[Items from a data source]
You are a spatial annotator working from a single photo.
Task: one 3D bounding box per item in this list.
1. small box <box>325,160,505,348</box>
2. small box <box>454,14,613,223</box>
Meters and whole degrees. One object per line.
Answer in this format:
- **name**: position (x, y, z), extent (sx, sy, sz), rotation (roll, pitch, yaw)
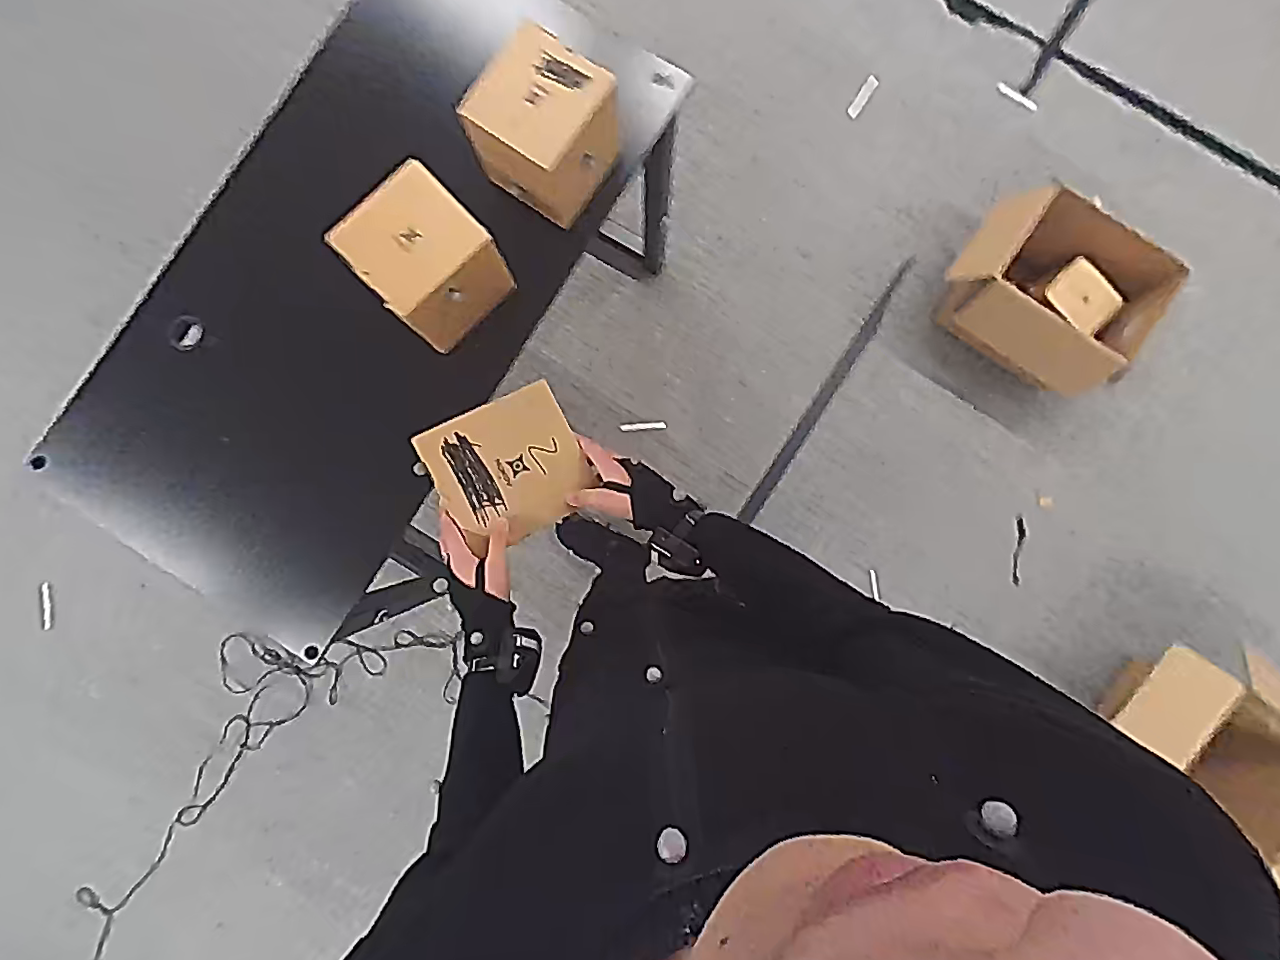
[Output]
- **small box**: position (-0.334, -0.341, 0.849), extent (0.179, 0.176, 0.168), rotation (-45, 87, -1)
- **small box**: position (-0.155, -0.557, 0.857), extent (0.168, 0.176, 0.179), rotation (34, 89, 3)

Exercise objective: Every line that contains the string "this" should be copied from the entries.

Task response:
Task: one 3D bounding box per item in this list.
Answer in this format:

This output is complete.